• Requirement
Copy out each line below in which the string "object" appears.

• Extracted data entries
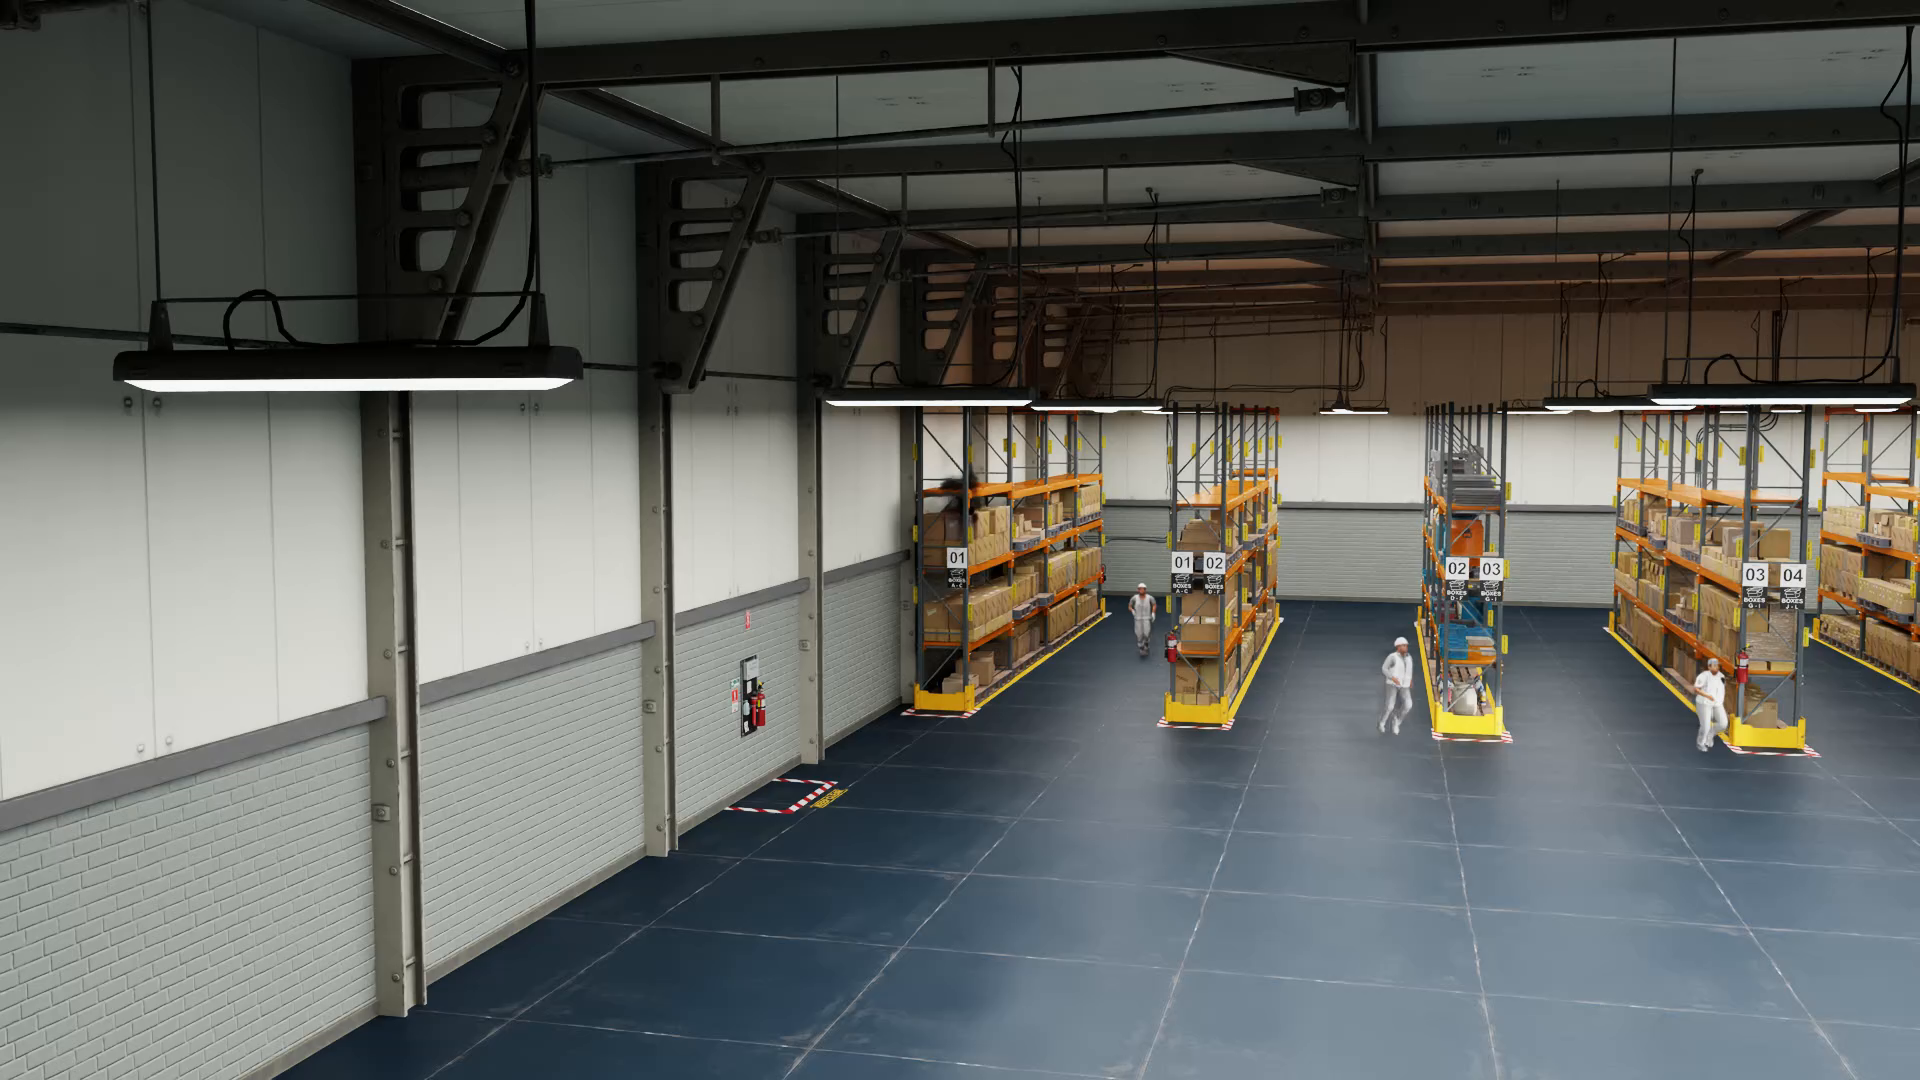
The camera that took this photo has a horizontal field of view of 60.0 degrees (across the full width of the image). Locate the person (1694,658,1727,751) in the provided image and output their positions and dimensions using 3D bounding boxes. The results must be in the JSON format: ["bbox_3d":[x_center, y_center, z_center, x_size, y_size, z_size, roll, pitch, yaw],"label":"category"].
[{"bbox_3d":[12.883,2.823,28.468,0.624,1.617,0.605,0,4,-4],"label":"person"}]

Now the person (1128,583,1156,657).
[{"bbox_3d":[4.332,1.913,39.616,0.648,1.759,0.640,1,4,10],"label":"person"}]

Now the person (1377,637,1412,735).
[{"bbox_3d":[7.963,2.638,30.114,0.715,1.750,0.641,-1,4,-16],"label":"person"}]
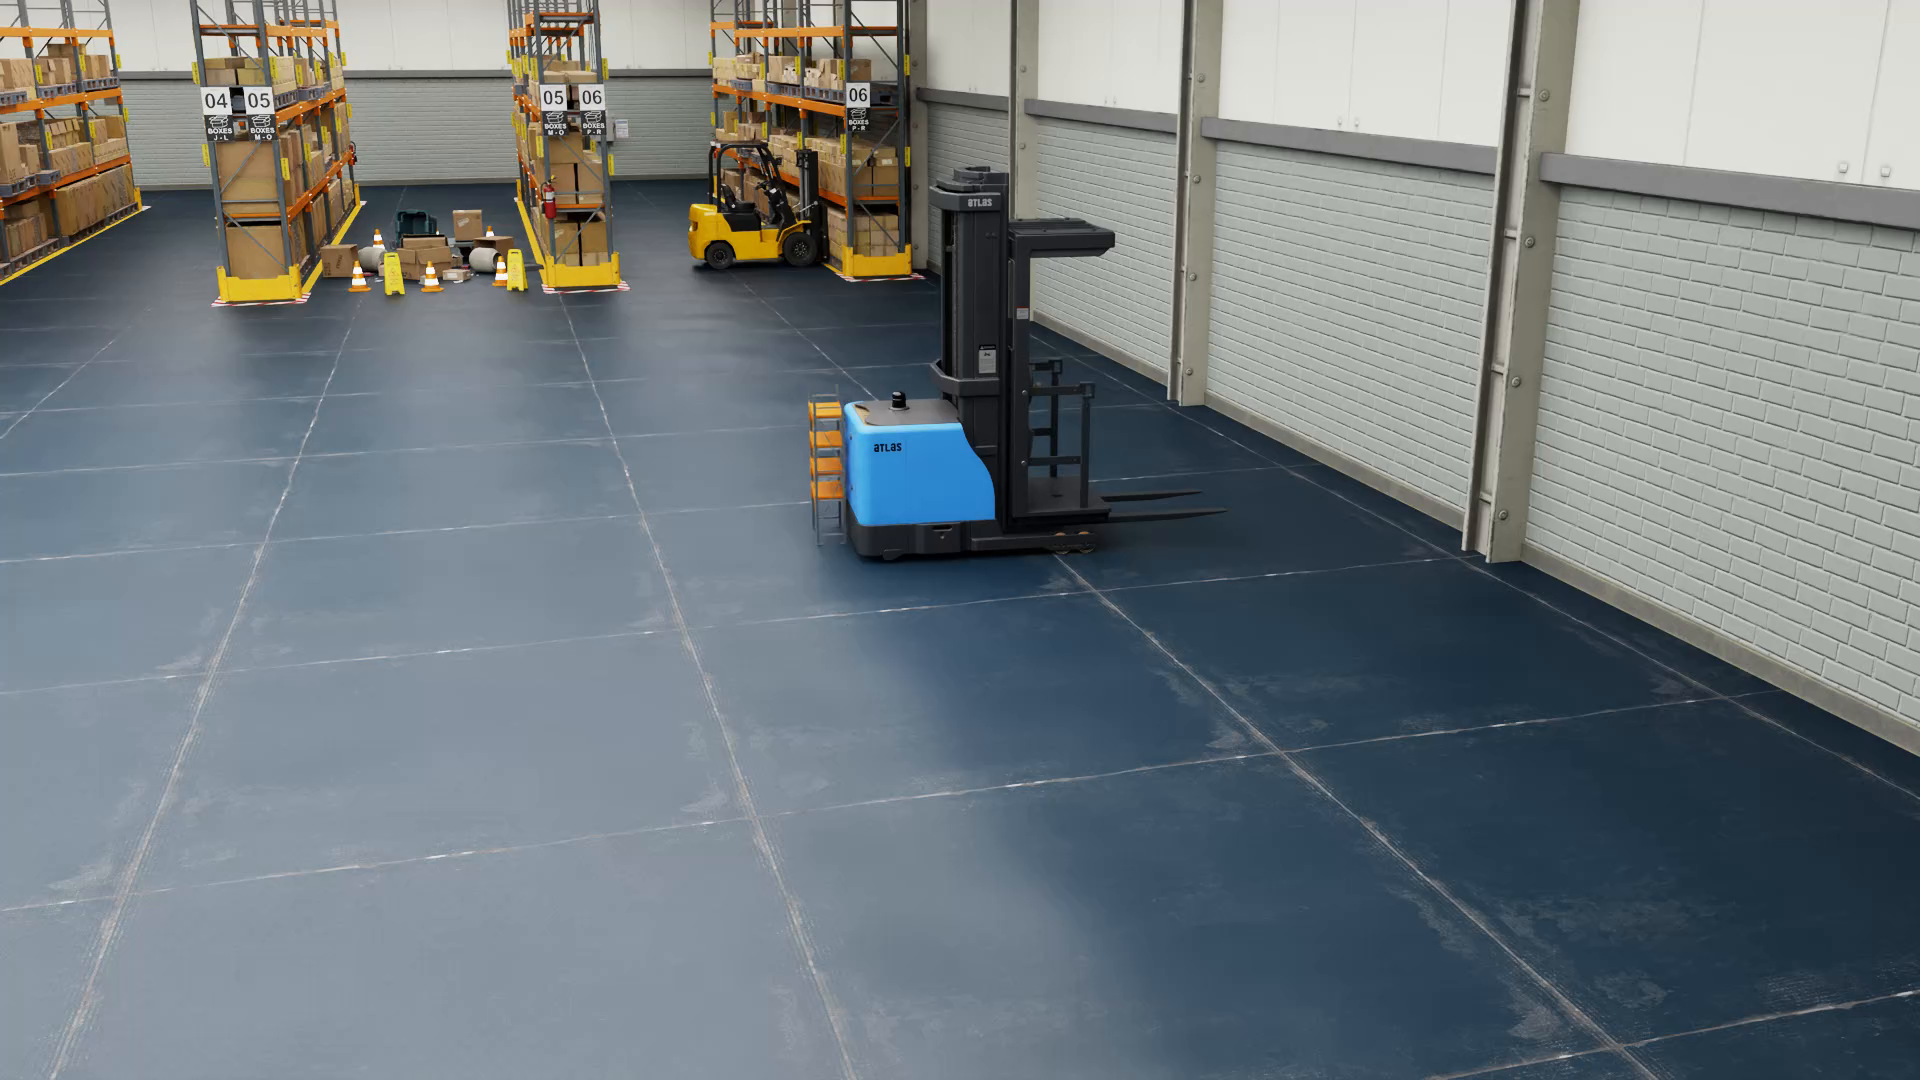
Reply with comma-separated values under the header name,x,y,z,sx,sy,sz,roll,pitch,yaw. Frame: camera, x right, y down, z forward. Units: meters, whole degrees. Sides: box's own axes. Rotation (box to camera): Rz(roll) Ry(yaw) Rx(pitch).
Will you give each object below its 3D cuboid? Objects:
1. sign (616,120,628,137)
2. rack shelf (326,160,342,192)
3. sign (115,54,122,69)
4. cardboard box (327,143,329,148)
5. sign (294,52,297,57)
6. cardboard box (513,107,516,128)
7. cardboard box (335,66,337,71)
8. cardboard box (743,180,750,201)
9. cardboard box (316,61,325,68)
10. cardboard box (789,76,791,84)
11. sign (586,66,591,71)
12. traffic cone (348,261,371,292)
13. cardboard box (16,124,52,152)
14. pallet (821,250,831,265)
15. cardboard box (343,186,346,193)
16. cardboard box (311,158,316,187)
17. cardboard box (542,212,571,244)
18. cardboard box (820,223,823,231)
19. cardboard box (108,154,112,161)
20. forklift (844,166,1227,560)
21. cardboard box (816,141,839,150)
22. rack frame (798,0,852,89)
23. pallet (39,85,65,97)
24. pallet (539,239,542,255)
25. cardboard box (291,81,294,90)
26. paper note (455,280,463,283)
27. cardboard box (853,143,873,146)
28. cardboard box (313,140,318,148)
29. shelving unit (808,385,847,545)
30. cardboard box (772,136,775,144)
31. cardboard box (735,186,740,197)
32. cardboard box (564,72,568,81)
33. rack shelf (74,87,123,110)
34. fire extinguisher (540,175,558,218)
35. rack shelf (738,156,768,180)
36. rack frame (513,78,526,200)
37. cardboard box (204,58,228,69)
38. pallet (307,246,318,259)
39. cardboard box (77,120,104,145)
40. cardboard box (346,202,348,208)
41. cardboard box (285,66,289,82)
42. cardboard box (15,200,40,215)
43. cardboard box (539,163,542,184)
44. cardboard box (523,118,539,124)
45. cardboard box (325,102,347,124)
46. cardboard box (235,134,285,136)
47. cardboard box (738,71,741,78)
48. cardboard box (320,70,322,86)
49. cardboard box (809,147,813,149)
name,x,y,z,sx,sy,sz,roll,pitch,yaw
sign,-9.699,-11.806,47.706,0.329,0.494,0.001,-5,17,-15
rack shelf,-13.688,-7.648,34.949,1.077,0.370,4.000,-5,17,-15
sign,-19.608,-11.150,38.741,0.100,0.325,0.005,-5,17,-15
cardboard box,-13.720,-8.458,35.583,0.380,0.149,0.250,-5,18,-17
sign,-15.858,-11.464,39.670,0.100,0.325,0.005,-5,17,-15
cardboard box,-10.747,-10.443,41.091,0.500,0.500,0.500,-5,17,-16
cardboard box,-14.558,-10.725,38.121,0.500,0.250,0.500,-5,18,-18
cardboard box,-4.818,-8.211,39.187,0.500,0.500,0.500,-4,17,-13
cardboard box,-14.085,-10.440,36.480,0.380,0.149,0.250,-5,17,-16
cardboard box,-3.130,-8.991,32.489,0.380,0.149,0.250,-5,17,-15
sign,-6.788,-8.481,30.360,0.100,0.325,0.005,-5,17,-15
traffic cone,-9.720,-4.271,26.865,0.336,0.463,0.334,-5,17,-15
cardboard box,-18.120,-7.807,32.310,0.797,0.503,0.637,-4,17,-13
pallet,-2.019,-5.249,30.558,1.003,0.211,1.213,-5,17,-15
cardboard box,-14.354,-8.072,38.302,0.380,0.149,0.250,-4,17,-14
cardboard box,-12.064,-6.687,30.326,0.500,0.500,0.500,-5,17,-15
cardboard box,-7.105,-5.520,29.361,0.500,0.500,0.500,-4,17,-12
cardboard box,-2.294,-5.692,30.368,0.500,0.250,0.500,-5,17,-15
cardboard box,-19.152,-8.528,37.064,0.380,0.149,0.250,-4,17,-15
forklift,0.618,-1.438,13.145,3.031,2.935,1.130,-3,17,-11
cardboard box,-2.427,-7.251,30.559,0.380,0.149,0.250,-5,17,-16
rack frame,-2.536,-10.019,31.163,1.000,3.000,0.127,-5,17,-15
pallet,-18.473,-8.904,32.995,1.003,0.211,1.213,-4,17,-13
pallet,-7.523,-5.632,31.834,1.003,0.211,1.213,-5,17,-15
cardboard box,-11.489,-7.682,28.129,0.380,0.149,0.250,-4,17,-14
paper note,-8.382,-4.328,27.807,0.148,0.019,0.142,-12,20,-34
cardboard box,-1.721,-7.080,29.990,0.380,0.149,0.250,-5,17,-15
cardboard box,-13.080,-7.949,33.374,0.380,0.149,0.250,-5,17,-15
shelving unit,-1.067,-0.609,13.393,0.258,1.200,0.503,-3,17,-8
cardboard box,-3.756,-8.425,34.985,0.380,0.149,0.250,-4,17,-14
cardboard box,-5.268,-8.480,40.490,0.396,0.266,0.258,-4,17,-13
cardboard box,-6.709,-8.093,29.016,0.380,0.149,0.250,-5,17,-16
rack shelf,-19.584,-9.827,36.988,1.077,0.370,4.000,-5,17,-15
fire extinguisher,-6.620,-5.541,26.817,0.296,0.674,0.183,-5,17,-15
rack shelf,-4.185,-8.461,37.655,1.077,0.370,4.000,-5,17,-15
rack frame,-10.605,-10.071,41.766,1.000,3.000,0.127,-5,17,-15
cardboard box,-11.359,-7.240,25.273,0.380,0.149,0.250,-5,17,-15
pallet,-12.323,-5.205,30.412,1.003,0.211,1.213,-5,17,-15
cardboard box,-19.048,-8.901,36.309,0.500,0.500,0.500,-5,17,-15
cardboard box,-14.102,-7.581,37.702,0.380,0.149,0.250,-4,17,-14
cardboard box,-11.383,-7.695,27.480,0.500,0.250,0.500,-5,17,-16
cardboard box,-17.722,-6.265,31.371,0.500,0.250,0.500,-4,17,-13
cardboard box,-6.889,-6.242,28.327,0.500,0.500,0.500,-5,17,-16
cardboard box,-8.949,-8.649,35.119,0.500,0.500,0.500,-4,17,-14
cardboard box,-14.972,-10.214,39.814,0.500,0.500,0.500,-5,17,-16
cardboard box,-11.538,-6.368,27.299,0.875,0.550,0.500,-5,17,-15
cardboard box,-4.846,-10.596,37.833,0.380,0.149,0.250,-4,17,-14
cardboard box,-13.184,-9.240,33.612,0.500,0.500,0.500,-5,17,-15
cardboard box,-2.628,-7.324,31.318,0.380,0.149,0.250,-4,17,-14
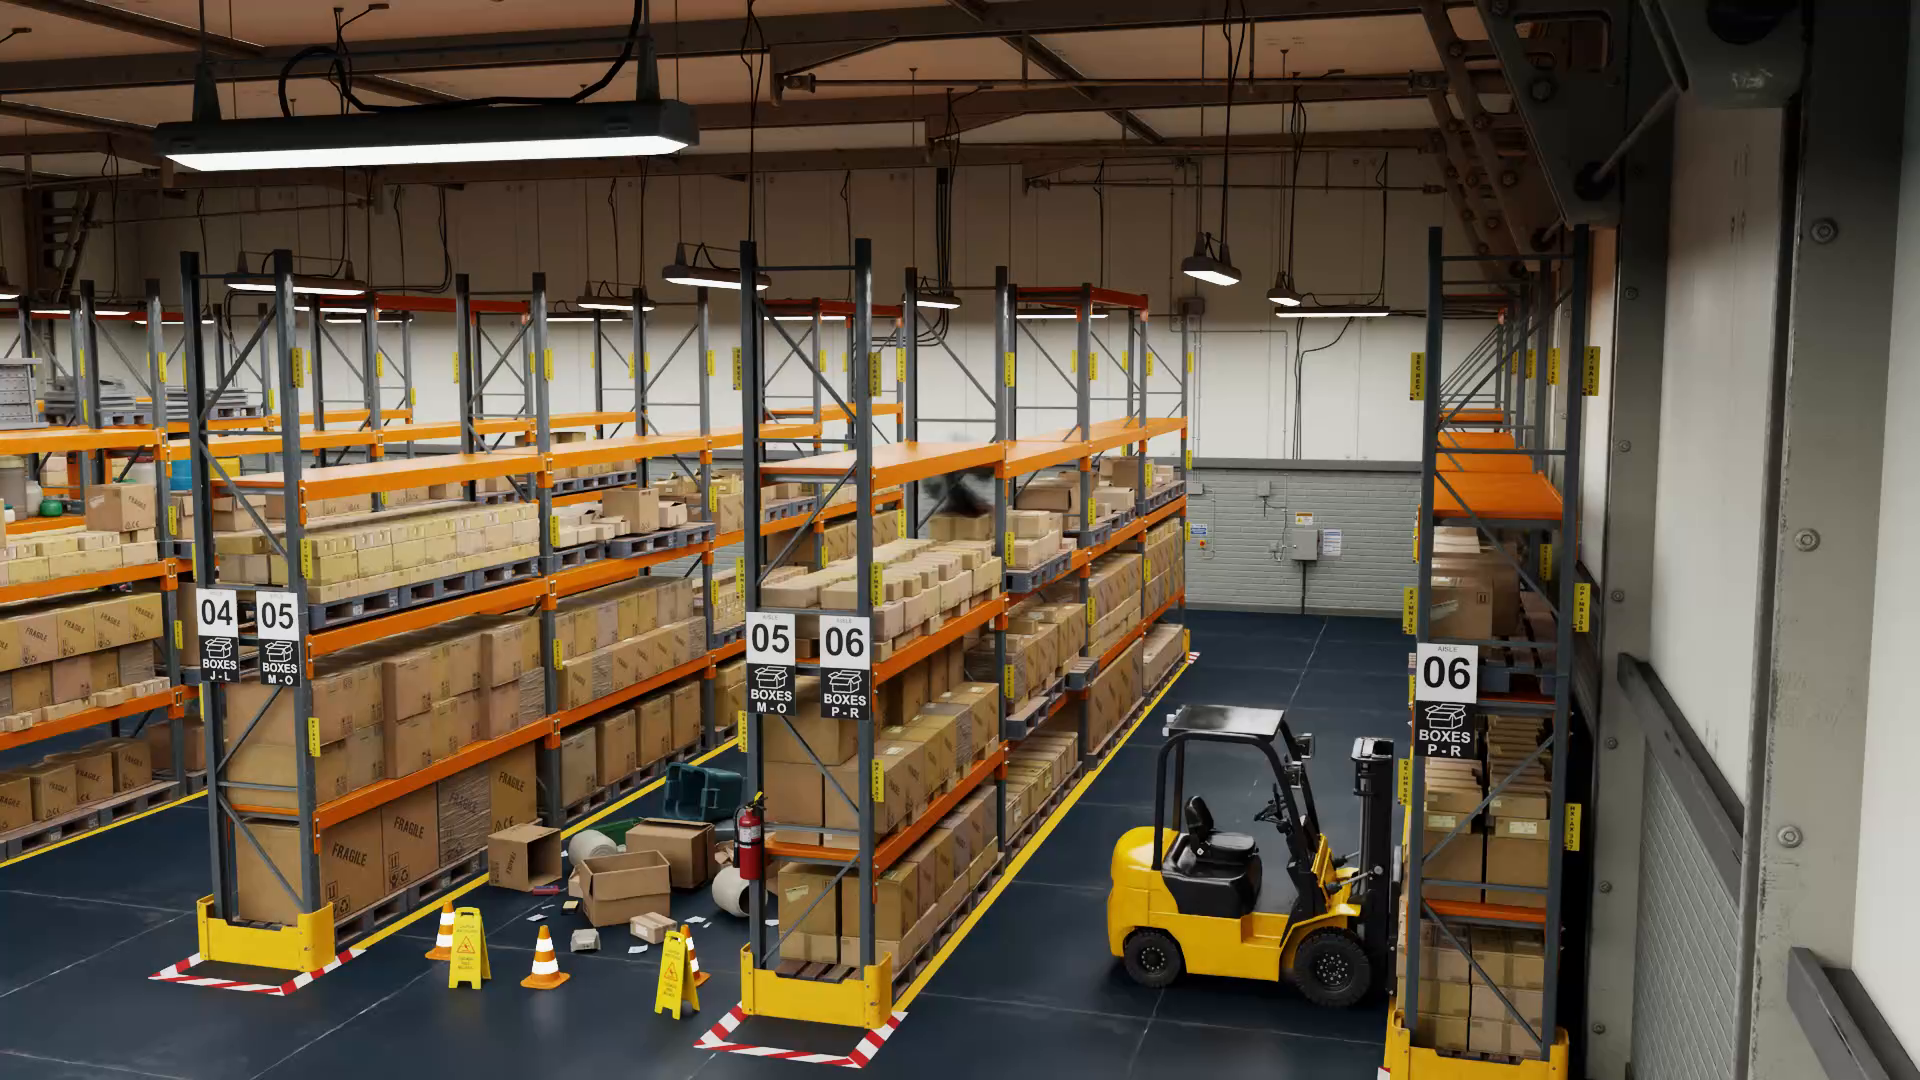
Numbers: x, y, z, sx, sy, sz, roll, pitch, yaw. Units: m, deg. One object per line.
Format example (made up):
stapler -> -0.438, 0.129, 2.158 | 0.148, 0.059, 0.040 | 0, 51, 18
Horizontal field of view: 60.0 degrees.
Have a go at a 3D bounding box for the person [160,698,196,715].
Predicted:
person -> -10.444, 1.870, 22.221 | 0.588, 1.633, 0.574 | 2, 7, 20

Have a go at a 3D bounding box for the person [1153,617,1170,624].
person -> 3.277, 1.011, 29.534 | 0.797, 1.709, 0.765 | 4, 8, 32

• Answer section
Will you give each object below its 3D cuboid? Objects:
Numbers: x, y, z, sx, sy, sz, roll, pitch, yaw. Units: m, deg. One object per line.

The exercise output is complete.